The most common claims involve gastrointestinal procedures, especially those using duodenoscopes during ERCP.
Other claims may involve additional endoscopic procedures if the patient later developed a qualifying infection after exposure to an Olympus scope or related accessory.
Procedures commonly involved include:
Yes, Olympus scope lawsuits are actively being filed in 2026, and law firms across the country are continuing to investigate new claims.
Patients have already filed lawsuits alleging that contaminated Olympus endoscopes and duodenoscopes caused serious infections after procedures such as ERCP, colonoscopy, and endoscopy.
These cases are typically individual product liability claims filed in state and federal courts rather than a single consolidated mass action.
Recent reporting describes a “next wave” of litigation, with new claims focusing on contamination risks, design issues, and failure to warn.

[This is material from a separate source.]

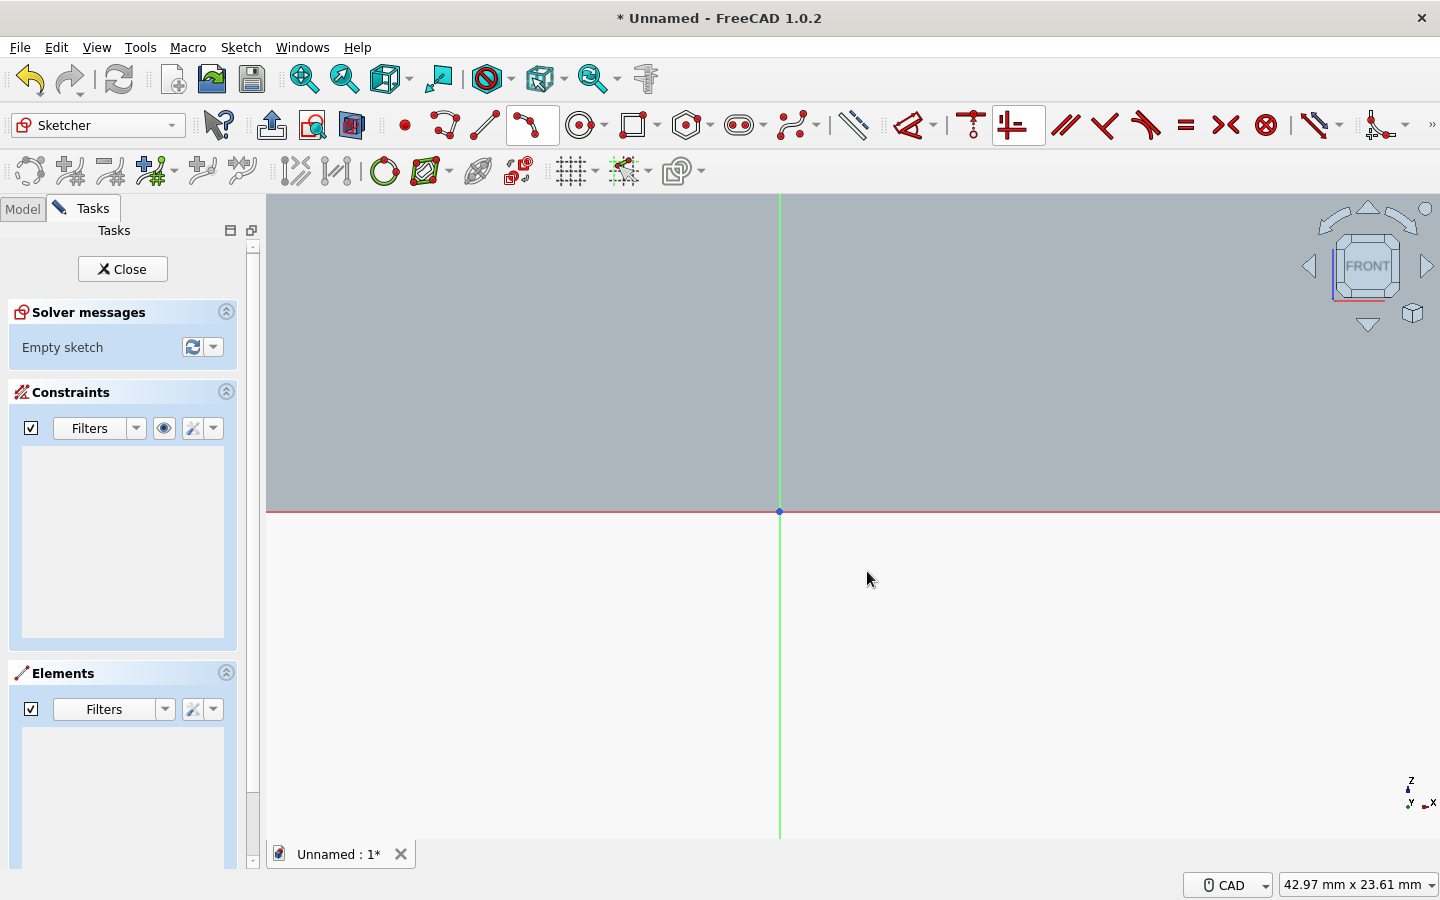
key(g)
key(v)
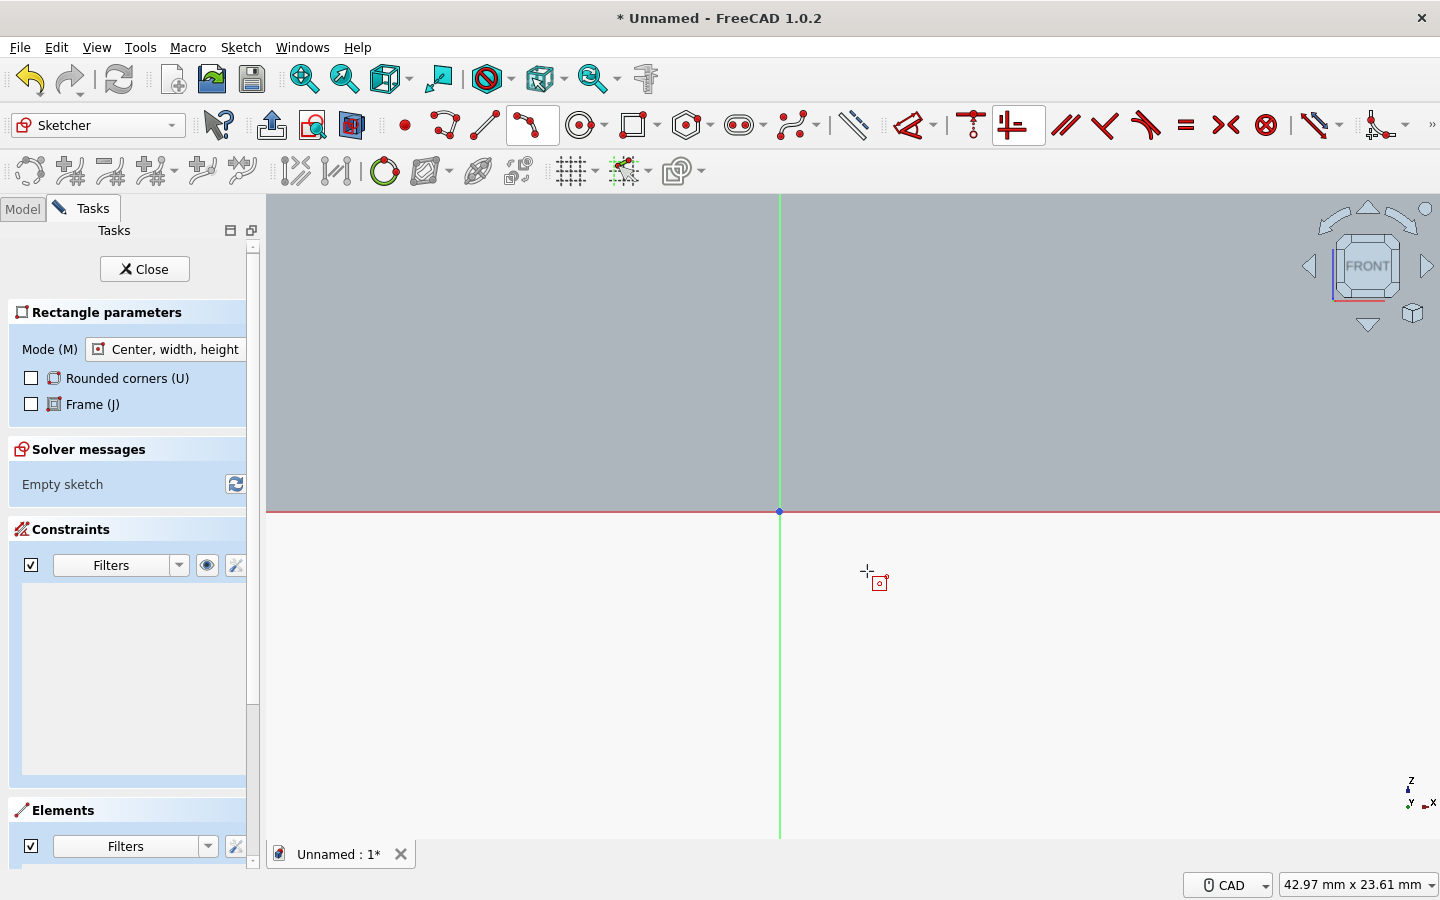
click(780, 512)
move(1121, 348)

Lawsuits continue to be filed as new recalls, safety alerts, and infection reports emerge, including issues tied to accessories and newer Olympus devices.
Patients who developed serious infections after procedures are still coming forward, and attorneys are reviewing cases based on medical records, timing of infection, and device exposure.
As of now, Olympus duodenoscope and scope-related infection claims remain active, with new cases being accepted and evaluated based on specific eligibility criteria.
The statute of limitations for filing an Olympus scopes lawsuit varies by state and typically begins on the date the individual discovers their injury or, in wrongful death cases, the date of the victim’s death.
In most cases, the clock begins to run when the patient knew or should have known that an infection may be linked to a prior procedure.
Some states apply a “discovery rule,” which allows additional time if the connection between the infection and the scope was not immediately clear.
Claims involving wrongful death may follow a different timeline, usually starting from the date of death rather than the procedure.
Because these deadlines vary and can affect the ability to recover compensation, speaking with a lawyer as soon as possible is important to preserve your right to file a claim.
Yes. Legal action against Olympus includes private product liability suits, a 2018 federal criminal case over failure to file required adverse-event reports tied to duodenoscope infections, and civil whistleblower litigation over related regulatory issues.
On December 18, 2024, Olympus notified U.S. customers about the MAJ-891 Forceps/Irrigation Plug, and the FDA later described it as a Class I recall after reports of 120 serious injuries and 1 death tied to infection risk from improper or incomplete reprocessing.
On June 24, 2025, the FDA issued import alerts for certain Olympus devices manufactured in Japan, citing persistent quality system regulation problems; FDA’s letter identifies affected device categories, and industry reporting said the action blocked 58 models from entering the United States.
The FDA also announced a Class I recall for certain ViziShot 2 FLEX (19G) needles on September 30, 2025 because potentially deformed tips could injure patients.
FDA’s public notice ties that recall to 14 injuries and 1 death; I found that number in FDA and trade reporting, not 40 injuries.